Goal of the exercise: Give the entries below again exactly. Their pictures are not needed.

Supplied material Block Start

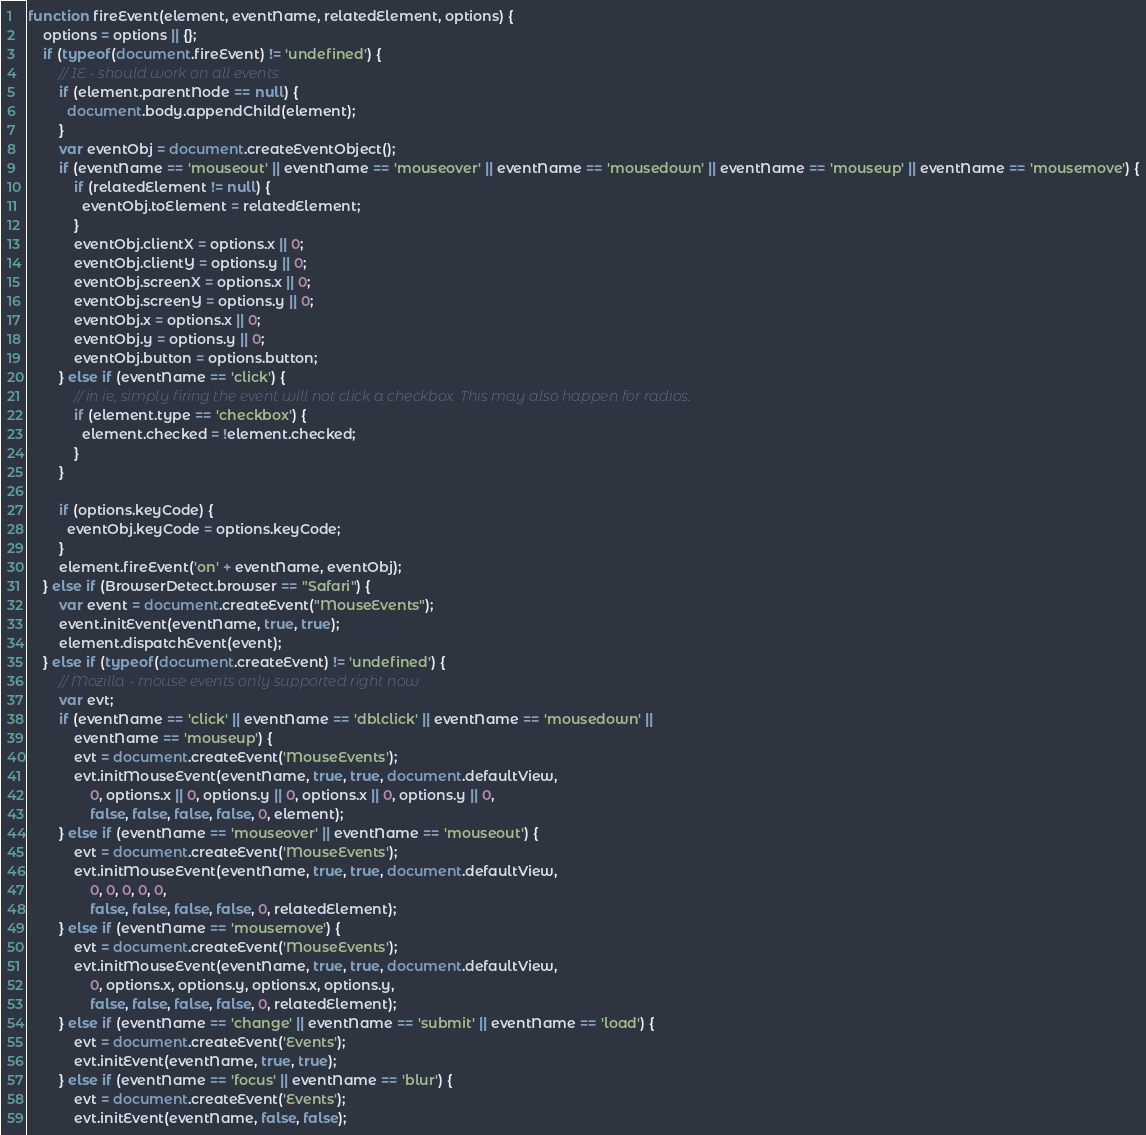<code> <loc_0><loc_0><loc_500><loc_500><_JavaScript_>function fireEvent(element, eventName, relatedElement, options) {
    options = options || {};
    if (typeof(document.fireEvent) != 'undefined') {
        // IE - should work on all events
        if (element.parentNode == null) {
          document.body.appendChild(element);
        }
        var eventObj = document.createEventObject();
        if (eventName == 'mouseout' || eventName == 'mouseover' || eventName == 'mousedown' || eventName == 'mouseup' || eventName == 'mousemove') {
            if (relatedElement != null) {
              eventObj.toElement = relatedElement;
            }
            eventObj.clientX = options.x || 0;
            eventObj.clientY = options.y || 0;
            eventObj.screenX = options.x || 0;
            eventObj.screenY = options.y || 0;
            eventObj.x = options.x || 0;
            eventObj.y = options.y || 0;
            eventObj.button = options.button;
        } else if (eventName == 'click') {
            // in ie, simply firing the event will not click a checkbox. This may also happen for radios.
            if (element.type == 'checkbox') {
              element.checked = !element.checked;
            }
        }

        if (options.keyCode) {
          eventObj.keyCode = options.keyCode;
        }
        element.fireEvent('on' + eventName, eventObj);
    } else if (BrowserDetect.browser == "Safari") {
        var event = document.createEvent("MouseEvents");
        event.initEvent(eventName, true, true);
        element.dispatchEvent(event);
    } else if (typeof(document.createEvent) != 'undefined') {
        // Mozilla - mouse events only supported right now
        var evt;
        if (eventName == 'click' || eventName == 'dblclick' || eventName == 'mousedown' || 
            eventName == 'mouseup') {
            evt = document.createEvent('MouseEvents');
            evt.initMouseEvent(eventName, true, true, document.defaultView,
                0, options.x || 0, options.y || 0, options.x || 0, options.y || 0,
                false, false, false, false, 0, element);
        } else if (eventName == 'mouseover' || eventName == 'mouseout') {
            evt = document.createEvent('MouseEvents');
            evt.initMouseEvent(eventName, true, true, document.defaultView,
                0, 0, 0, 0, 0,
                false, false, false, false, 0, relatedElement);
        } else if (eventName == 'mousemove') {
            evt = document.createEvent('MouseEvents');
            evt.initMouseEvent(eventName, true, true, document.defaultView,
                0, options.x, options.y, options.x, options.y,
                false, false, false, false, 0, relatedElement);
        } else if (eventName == 'change' || eventName == 'submit' || eventName == 'load') {
            evt = document.createEvent('Events');
            evt.initEvent(eventName, true, true);
        } else if (eventName == 'focus' || eventName == 'blur') {
            evt = document.createEvent('Events');
            evt.initEvent(eventName, false, false);</code>

Supplied material Block End

Result for this task:
<code> <loc_0><loc_0><loc_500><loc_500><_JavaScript_>function fireEvent(element, eventName, relatedElement, options) {
    options = options || {};
    if (typeof(document.fireEvent) != 'undefined') {
        // IE - should work on all events
        if (element.parentNode == null) {
          document.body.appendChild(element);
        }
        var eventObj = document.createEventObject();
        if (eventName == 'mouseout' || eventName == 'mouseover' || eventName == 'mousedown' || eventName == 'mouseup' || eventName == 'mousemove') {
            if (relatedElement != null) {
              eventObj.toElement = relatedElement;
            }
            eventObj.clientX = options.x || 0;
            eventObj.clientY = options.y || 0;
            eventObj.screenX = options.x || 0;
            eventObj.screenY = options.y || 0;
            eventObj.x = options.x || 0;
            eventObj.y = options.y || 0;
            eventObj.button = options.button;
        } else if (eventName == 'click') {
            // in ie, simply firing the event will not click a checkbox. This may also happen for radios.
            if (element.type == 'checkbox') {
              element.checked = !element.checked;
            }
        }

        if (options.keyCode) {
          eventObj.keyCode = options.keyCode;
        }
        element.fireEvent('on' + eventName, eventObj);
    } else if (BrowserDetect.browser == "Safari") {
        var event = document.createEvent("MouseEvents");
        event.initEvent(eventName, true, true);
        element.dispatchEvent(event);
    } else if (typeof(document.createEvent) != 'undefined') {
        // Mozilla - mouse events only supported right now
        var evt;
        if (eventName == 'click' || eventName == 'dblclick' || eventName == 'mousedown' || 
            eventName == 'mouseup') {
            evt = document.createEvent('MouseEvents');
            evt.initMouseEvent(eventName, true, true, document.defaultView,
                0, options.x || 0, options.y || 0, options.x || 0, options.y || 0,
                false, false, false, false, 0, element);
        } else if (eventName == 'mouseover' || eventName == 'mouseout') {
            evt = document.createEvent('MouseEvents');
            evt.initMouseEvent(eventName, true, true, document.defaultView,
                0, 0, 0, 0, 0,
                false, false, false, false, 0, relatedElement);
        } else if (eventName == 'mousemove') {
            evt = document.createEvent('MouseEvents');
            evt.initMouseEvent(eventName, true, true, document.defaultView,
                0, options.x, options.y, options.x, options.y,
                false, false, false, false, 0, relatedElement);
        } else if (eventName == 'change' || eventName == 'submit' || eventName == 'load') {
            evt = document.createEvent('Events');
            evt.initEvent(eventName, true, true);
        } else if (eventName == 'focus' || eventName == 'blur') {
            evt = document.createEvent('Events');
            evt.initEvent(eventName, false, false);</code>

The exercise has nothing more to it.